Write out each line of the entries exactly, starting at the first and finishing with the line that contains "for (const auto&".

+--

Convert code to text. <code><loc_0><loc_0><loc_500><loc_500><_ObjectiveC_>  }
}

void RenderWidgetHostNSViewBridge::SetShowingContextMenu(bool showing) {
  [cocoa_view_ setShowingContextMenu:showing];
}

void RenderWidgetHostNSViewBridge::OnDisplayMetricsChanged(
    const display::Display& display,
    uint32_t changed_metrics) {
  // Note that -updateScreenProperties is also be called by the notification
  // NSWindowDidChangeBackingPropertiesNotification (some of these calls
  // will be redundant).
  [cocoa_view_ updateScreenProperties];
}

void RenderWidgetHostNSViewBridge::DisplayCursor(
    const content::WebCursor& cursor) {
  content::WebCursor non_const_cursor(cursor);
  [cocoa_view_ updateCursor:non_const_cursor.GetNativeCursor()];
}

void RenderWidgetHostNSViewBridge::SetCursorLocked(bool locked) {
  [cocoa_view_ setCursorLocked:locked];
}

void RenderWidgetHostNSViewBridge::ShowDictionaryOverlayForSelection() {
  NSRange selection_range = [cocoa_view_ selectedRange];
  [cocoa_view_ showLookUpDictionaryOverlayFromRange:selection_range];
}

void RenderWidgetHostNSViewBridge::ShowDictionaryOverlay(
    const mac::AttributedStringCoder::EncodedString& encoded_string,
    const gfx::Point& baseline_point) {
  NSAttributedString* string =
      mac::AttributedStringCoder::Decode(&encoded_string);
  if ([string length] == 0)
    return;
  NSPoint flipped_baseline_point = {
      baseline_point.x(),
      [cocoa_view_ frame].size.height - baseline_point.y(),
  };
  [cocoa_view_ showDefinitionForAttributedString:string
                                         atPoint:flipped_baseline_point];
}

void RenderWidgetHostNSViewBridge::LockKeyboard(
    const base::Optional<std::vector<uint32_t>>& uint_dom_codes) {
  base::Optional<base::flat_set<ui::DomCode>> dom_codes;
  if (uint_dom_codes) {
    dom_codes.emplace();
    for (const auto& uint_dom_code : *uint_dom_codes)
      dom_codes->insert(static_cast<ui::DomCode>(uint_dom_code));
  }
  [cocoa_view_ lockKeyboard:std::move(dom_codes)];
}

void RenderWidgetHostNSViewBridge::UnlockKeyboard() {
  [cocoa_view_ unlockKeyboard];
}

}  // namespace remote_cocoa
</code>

+--

-- Exercise answer --
Convert code to text. <code><loc_0><loc_0><loc_500><loc_500><_ObjectiveC_>  }
}

void RenderWidgetHostNSViewBridge::SetShowingContextMenu(bool showing) {
  [cocoa_view_ setShowingContextMenu:showing];
}

void RenderWidgetHostNSViewBridge::OnDisplayMetricsChanged(
    const display::Display& display,
    uint32_t changed_metrics) {
  // Note that -updateScreenProperties is also be called by the notification
  // NSWindowDidChangeBackingPropertiesNotification (some of these calls
  // will be redundant).
  [cocoa_view_ updateScreenProperties];
}

void RenderWidgetHostNSViewBridge::DisplayCursor(
    const content::WebCursor& cursor) {
  content::WebCursor non_const_cursor(cursor);
  [cocoa_view_ updateCursor:non_const_cursor.GetNativeCursor()];
}

void RenderWidgetHostNSViewBridge::SetCursorLocked(bool locked) {
  [cocoa_view_ setCursorLocked:locked];
}

void RenderWidgetHostNSViewBridge::ShowDictionaryOverlayForSelection() {
  NSRange selection_range = [cocoa_view_ selectedRange];
  [cocoa_view_ showLookUpDictionaryOverlayFromRange:selection_range];
}

void RenderWidgetHostNSViewBridge::ShowDictionaryOverlay(
    const mac::AttributedStringCoder::EncodedString& encoded_string,
    const gfx::Point& baseline_point) {
  NSAttributedString* string =
      mac::AttributedStringCoder::Decode(&encoded_string);
  if ([string length] == 0)
    return;
  NSPoint flipped_baseline_point = {
      baseline_point.x(),
      [cocoa_view_ frame].size.height - baseline_point.y(),
  };
  [cocoa_view_ showDefinitionForAttributedString:string
                                         atPoint:flipped_baseline_point];
}

void RenderWidgetHostNSViewBridge::LockKeyboard(
    const base::Optional<std::vector<uint32_t>>& uint_dom_codes) {
  base::Optional<base::flat_set<ui::DomCode>> dom_codes;
  if (uint_dom_codes) {
    dom_codes.emplace();
    for (const auto& uint_dom_code : *uint_dom_codes)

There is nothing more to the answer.